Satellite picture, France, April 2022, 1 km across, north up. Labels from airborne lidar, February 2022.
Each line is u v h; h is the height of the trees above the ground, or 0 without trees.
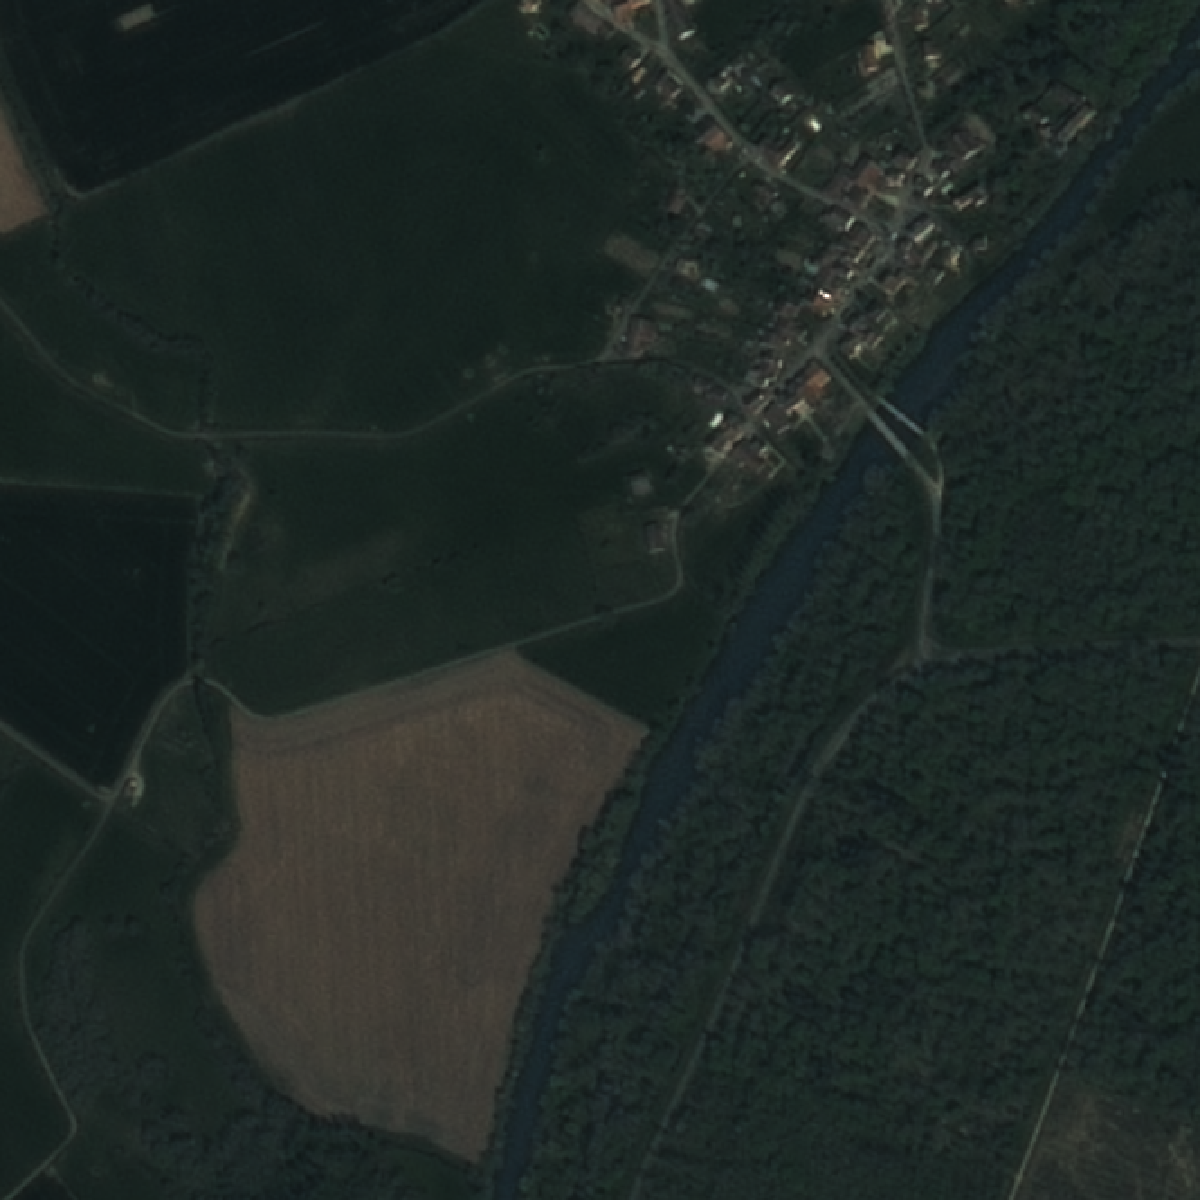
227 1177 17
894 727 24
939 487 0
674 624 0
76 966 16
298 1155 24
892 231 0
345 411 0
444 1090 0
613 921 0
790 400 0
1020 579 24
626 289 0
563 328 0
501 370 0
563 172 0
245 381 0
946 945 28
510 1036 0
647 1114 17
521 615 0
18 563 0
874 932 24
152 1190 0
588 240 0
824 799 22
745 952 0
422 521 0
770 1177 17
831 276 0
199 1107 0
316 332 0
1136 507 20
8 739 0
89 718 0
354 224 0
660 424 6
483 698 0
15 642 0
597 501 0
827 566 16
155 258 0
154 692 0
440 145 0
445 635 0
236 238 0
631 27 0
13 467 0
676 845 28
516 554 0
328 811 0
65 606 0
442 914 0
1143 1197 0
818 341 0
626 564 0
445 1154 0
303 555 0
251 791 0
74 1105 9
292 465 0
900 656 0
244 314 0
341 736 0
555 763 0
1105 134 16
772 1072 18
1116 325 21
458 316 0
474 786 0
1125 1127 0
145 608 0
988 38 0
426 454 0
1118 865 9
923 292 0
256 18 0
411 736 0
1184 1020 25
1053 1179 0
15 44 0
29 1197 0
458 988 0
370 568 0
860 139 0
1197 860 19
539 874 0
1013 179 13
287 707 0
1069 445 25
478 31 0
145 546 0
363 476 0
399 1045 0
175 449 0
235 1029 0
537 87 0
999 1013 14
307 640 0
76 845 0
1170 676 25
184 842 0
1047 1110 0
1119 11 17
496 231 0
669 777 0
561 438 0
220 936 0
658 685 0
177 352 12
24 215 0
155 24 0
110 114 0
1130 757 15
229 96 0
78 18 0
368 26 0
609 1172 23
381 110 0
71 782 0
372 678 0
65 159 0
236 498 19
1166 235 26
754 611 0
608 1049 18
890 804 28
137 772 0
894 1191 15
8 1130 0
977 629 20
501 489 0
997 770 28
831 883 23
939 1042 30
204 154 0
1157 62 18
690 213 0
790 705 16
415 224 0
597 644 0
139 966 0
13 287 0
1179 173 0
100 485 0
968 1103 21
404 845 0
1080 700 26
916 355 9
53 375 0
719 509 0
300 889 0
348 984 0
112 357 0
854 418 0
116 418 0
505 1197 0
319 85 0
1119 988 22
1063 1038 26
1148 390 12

==

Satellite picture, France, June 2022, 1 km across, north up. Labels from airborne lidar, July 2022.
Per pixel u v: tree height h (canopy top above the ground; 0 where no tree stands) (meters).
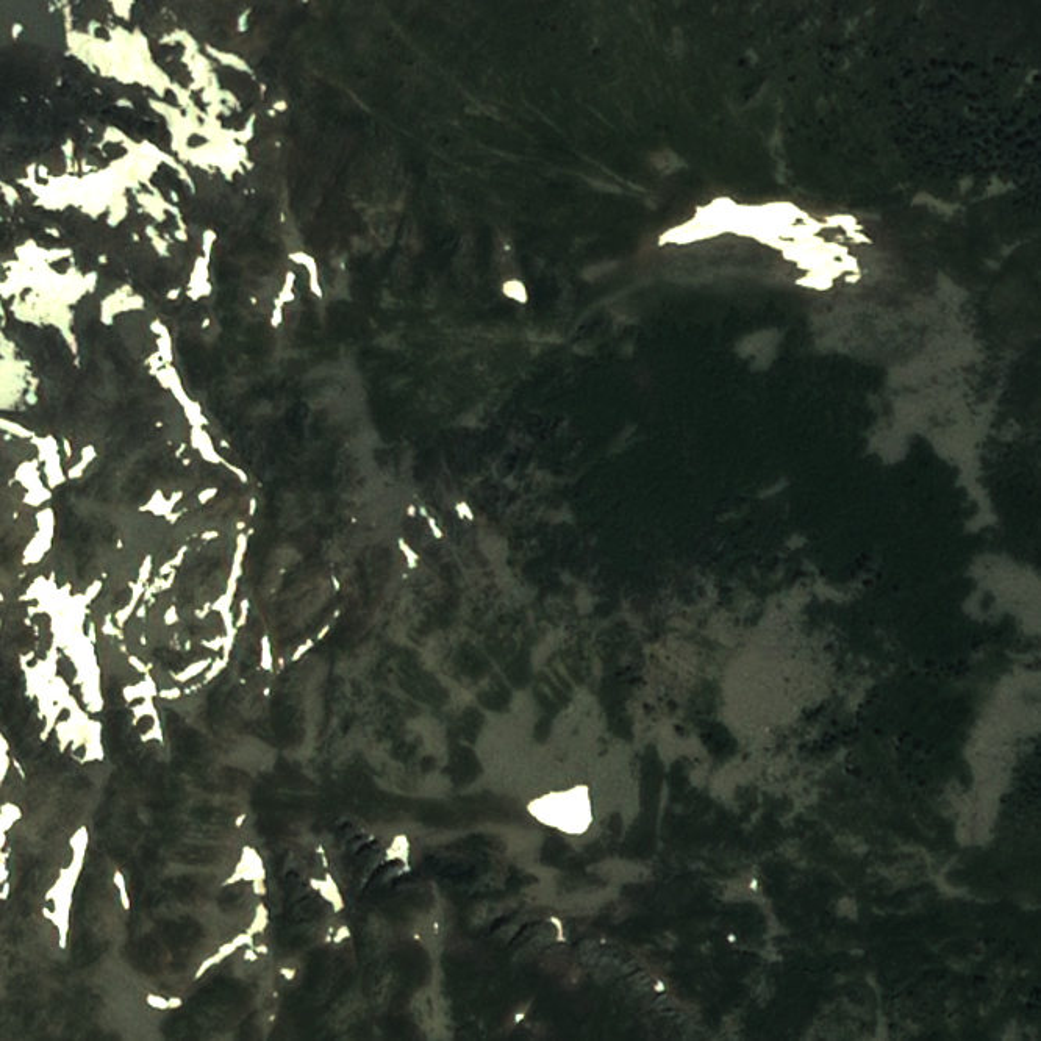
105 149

## [WORK ITEM]
From the listing above, the lines starting with the one that has "1053 1179 0" and running through the one that has "1148 390 12" should be copied exactly, ends included.

## [EXERCISE ANSWER]
1053 1179 0
15 44 0
29 1197 0
458 988 0
370 568 0
860 139 0
1197 860 19
539 874 0
1013 179 13
287 707 0
1069 445 25
478 31 0
145 546 0
363 476 0
399 1045 0
175 449 0
235 1029 0
537 87 0
999 1013 14
307 640 0
76 845 0
1170 676 25
184 842 0
1047 1110 0
1119 11 17
496 231 0
669 777 0
561 438 0
220 936 0
658 685 0
177 352 12
24 215 0
155 24 0
110 114 0
1130 757 15
229 96 0
78 18 0
368 26 0
609 1172 23
381 110 0
71 782 0
372 678 0
65 159 0
236 498 19
1166 235 26
754 611 0
608 1049 18
890 804 28
137 772 0
894 1191 15
8 1130 0
977 629 20
501 489 0
997 770 28
831 883 23
939 1042 30
204 154 0
1157 62 18
690 213 0
790 705 16
415 224 0
597 644 0
139 966 0
13 287 0
1179 173 0
100 485 0
968 1103 21
404 845 0
1080 700 26
916 355 9
53 375 0
719 509 0
300 889 0
348 984 0
112 357 0
854 418 0
116 418 0
505 1197 0
319 85 0
1119 988 22
1063 1038 26
1148 390 12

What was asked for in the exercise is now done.